# ACTION ITEM:
Beginning with the line that contains "field = field[-1]", copy each subsequent line of the data below through the last one, including both ends but not the pictures.

-------------------------

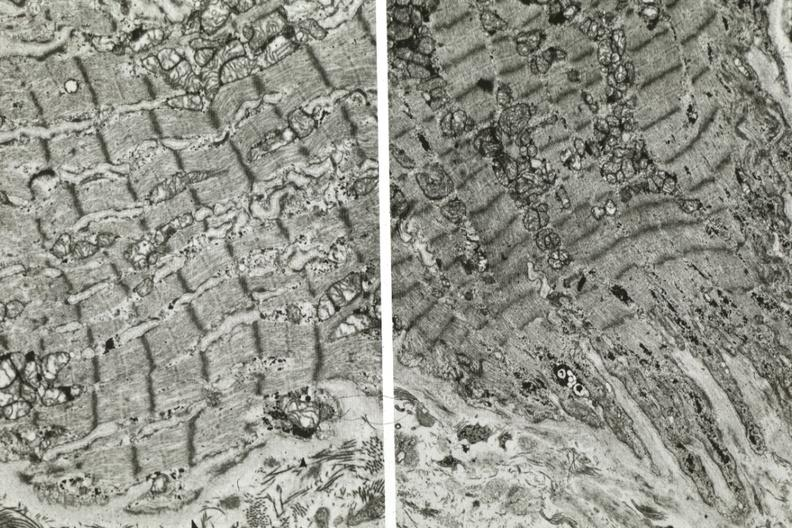s cardiovascular present?
Answer the question using a single word or phrase. Yes 
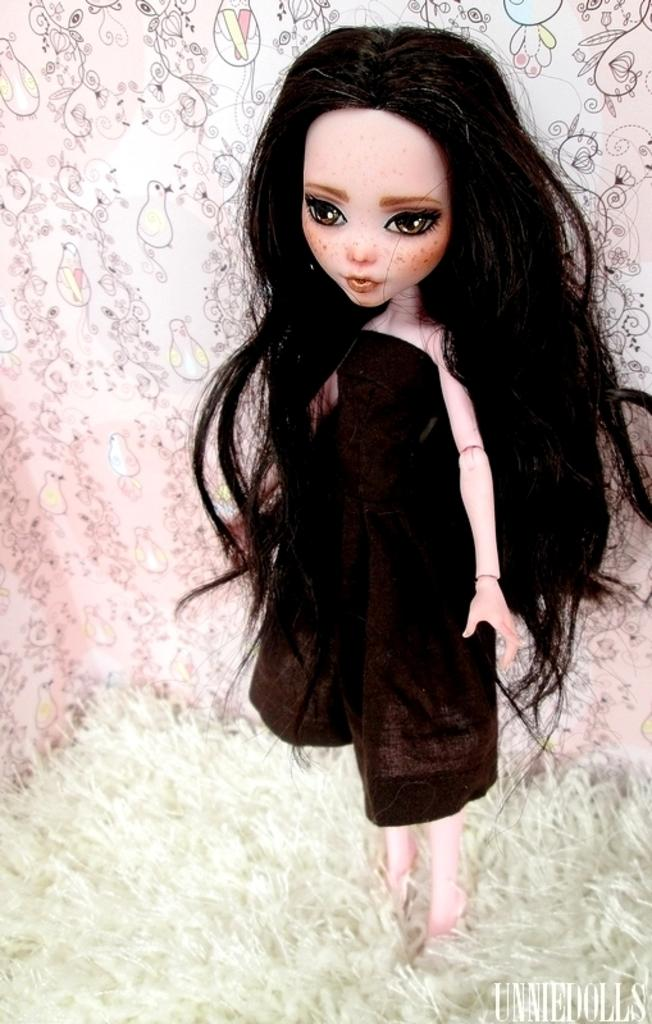What is the main subject of the image? There is a doll in the image. What else can be seen in the image besides the doll? There is a cloth in the image. Can you describe the background of the image? There is a wall design in the background of the image. Is there any text present in the image? Yes, there is some text at the right bottom of the image. What advice does the doll give to the ants in the image? There are no ants present in the image, so the doll cannot give any advice to them. 
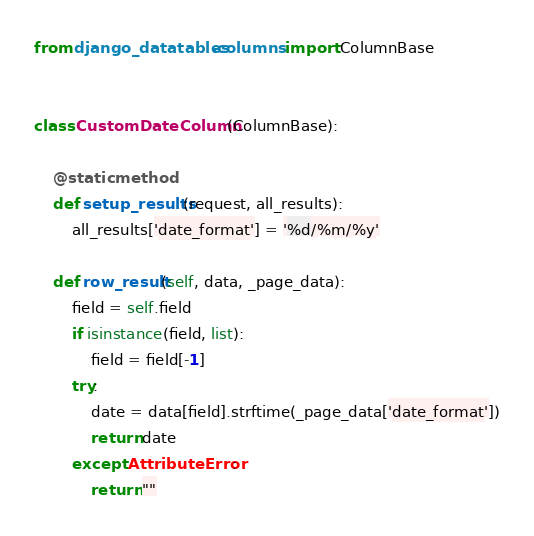Convert code to text. <code><loc_0><loc_0><loc_500><loc_500><_Python_>from django_datatables.columns import ColumnBase


class CustomDateColumn(ColumnBase):

    @staticmethod
    def setup_results(request, all_results):
        all_results['date_format'] = '%d/%m/%y'

    def row_result(self, data, _page_data):
        field = self.field
        if isinstance(field, list):
            field = field[-1]
        try:
            date = data[field].strftime(_page_data['date_format'])
            return date
        except AttributeError:
            return ""
</code> 
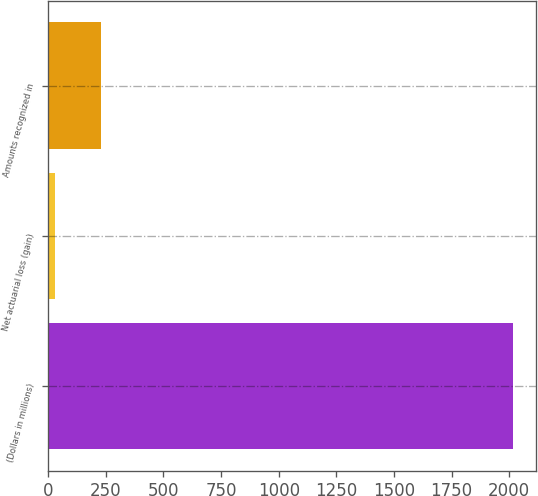<chart> <loc_0><loc_0><loc_500><loc_500><bar_chart><fcel>(Dollars in millions)<fcel>Net actuarial loss (gain)<fcel>Amounts recognized in<nl><fcel>2017<fcel>30<fcel>228.7<nl></chart>

-------------------------

# COMPLETED EXERCISE:
            field = field[-1]
        try:
            date = data[field].strftime(_page_data['date_format'])
            return date
        except AttributeError:
            return ""
</code> 
<chart> <loc_0><loc_0><loc_500><loc_500><bar_chart><fcel>(Dollars in millions)<fcel>Net actuarial loss (gain)<fcel>Amounts recognized in<nl><fcel>2017<fcel>30<fcel>228.7<nl></chart>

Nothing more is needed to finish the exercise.